(Source records)
- - - - - - -
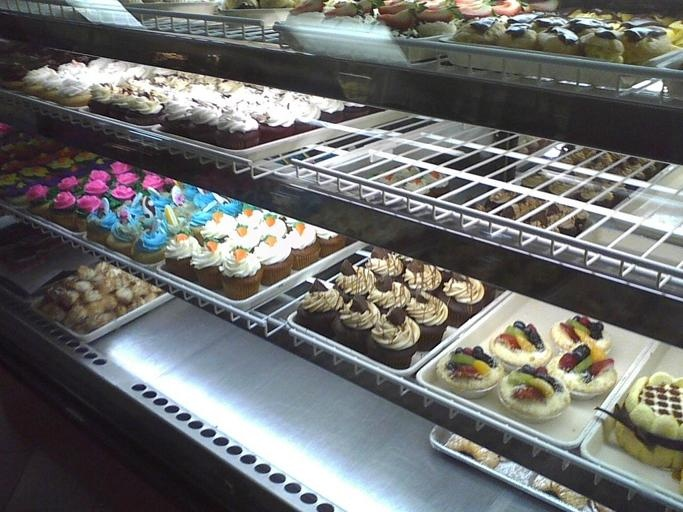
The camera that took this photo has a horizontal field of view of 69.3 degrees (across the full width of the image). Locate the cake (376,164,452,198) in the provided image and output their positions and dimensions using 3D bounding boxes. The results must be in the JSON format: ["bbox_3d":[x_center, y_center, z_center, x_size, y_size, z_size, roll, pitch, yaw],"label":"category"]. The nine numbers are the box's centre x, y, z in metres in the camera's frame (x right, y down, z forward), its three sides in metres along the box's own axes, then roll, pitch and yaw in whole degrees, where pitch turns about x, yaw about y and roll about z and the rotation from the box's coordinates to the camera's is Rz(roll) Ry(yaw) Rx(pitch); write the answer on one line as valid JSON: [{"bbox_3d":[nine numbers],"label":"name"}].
[{"bbox_3d":[0.203,-0.196,1.282,0.122,0.028,0.124,18,30,34],"label":"cake"}]

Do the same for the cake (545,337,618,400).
[{"bbox_3d":[0.673,0.321,1.403,0.161,0.081,0.153,-16,27,-8],"label":"cake"}]

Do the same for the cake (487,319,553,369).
[{"bbox_3d":[0.529,0.268,1.465,0.139,0.057,0.139,-14,28,-9],"label":"cake"}]

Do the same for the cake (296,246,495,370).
[{"bbox_3d":[0.175,0.182,1.613,0.558,0.148,0.406,17,39,35],"label":"cake"}]

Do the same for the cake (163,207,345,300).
[{"bbox_3d":[-0.359,-0.076,1.986,0.555,0.142,0.486,-21,32,-40],"label":"cake"}]

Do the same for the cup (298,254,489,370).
[{"bbox_3d":[0.166,0.166,1.631,0.535,0.144,0.395,18,39,36],"label":"cup"}]
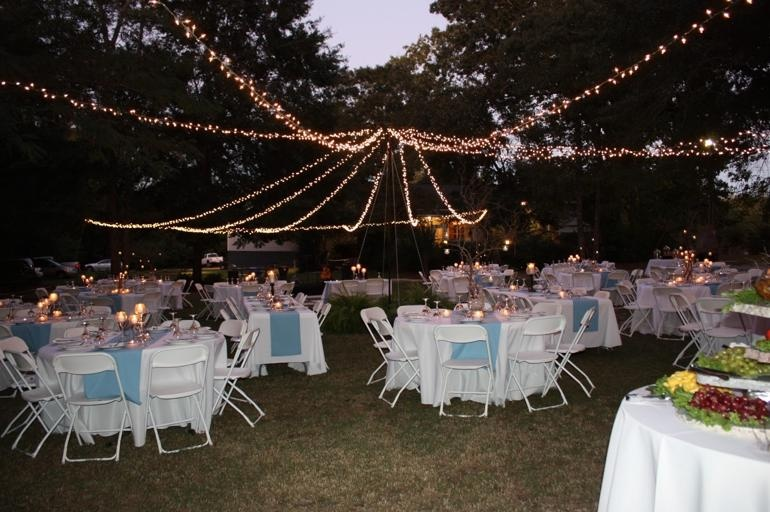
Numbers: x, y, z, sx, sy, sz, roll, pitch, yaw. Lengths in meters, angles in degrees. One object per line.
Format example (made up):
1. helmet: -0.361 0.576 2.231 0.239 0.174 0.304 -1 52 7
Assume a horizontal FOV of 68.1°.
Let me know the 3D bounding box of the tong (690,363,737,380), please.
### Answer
1. tong: 2.466 0.868 4.278 0.294 0.088 0.095 12 40 24
- - - - - - -
*Your objective*. Output each entry exactly. Skip the pictures.

*Answer space*.
The camera that took this photo has a horizontal field of view of 69.3 degrees (across the full width of the image). Locate the cake (376,164,452,198) in the provided image and output their positions and dimensions using 3D bounding boxes. The results must be in the JSON format: ["bbox_3d":[x_center, y_center, z_center, x_size, y_size, z_size, roll, pitch, yaw],"label":"category"]. The nine numbers are the box's centre x, y, z in metres in the camera's frame (x right, y down, z forward), its three sides in metres along the box's own axes, then roll, pitch and yaw in whole degrees, where pitch turns about x, yaw about y and roll about z and the rotation from the box's coordinates to the camera's is Rz(roll) Ry(yaw) Rx(pitch); write the answer on one line as valid JSON: [{"bbox_3d":[nine numbers],"label":"name"}].
[{"bbox_3d":[0.203,-0.196,1.282,0.122,0.028,0.124,18,30,34],"label":"cake"}]

Do the same for the cake (545,337,618,400).
[{"bbox_3d":[0.673,0.321,1.403,0.161,0.081,0.153,-16,27,-8],"label":"cake"}]

Do the same for the cake (487,319,553,369).
[{"bbox_3d":[0.529,0.268,1.465,0.139,0.057,0.139,-14,28,-9],"label":"cake"}]

Do the same for the cake (296,246,495,370).
[{"bbox_3d":[0.175,0.182,1.613,0.558,0.148,0.406,17,39,35],"label":"cake"}]

Do the same for the cake (163,207,345,300).
[{"bbox_3d":[-0.359,-0.076,1.986,0.555,0.142,0.486,-21,32,-40],"label":"cake"}]

Do the same for the cup (298,254,489,370).
[{"bbox_3d":[0.166,0.166,1.631,0.535,0.144,0.395,18,39,36],"label":"cup"}]
Numbers: x, y, z, sx, sy, sz, roll, pitch, yaw. Lengths in meters, angles in degrees. One object per line.
Format example (made up):
1. helmet: -0.361 0.576 2.231 0.239 0.174 0.304 -1 52 7
Assume a horizontal FOV of 68.1°.
Let me know the 3D bounding box of the tong (690,363,737,380), please.
### Answer
1. tong: 2.466 0.868 4.278 0.294 0.088 0.095 12 40 24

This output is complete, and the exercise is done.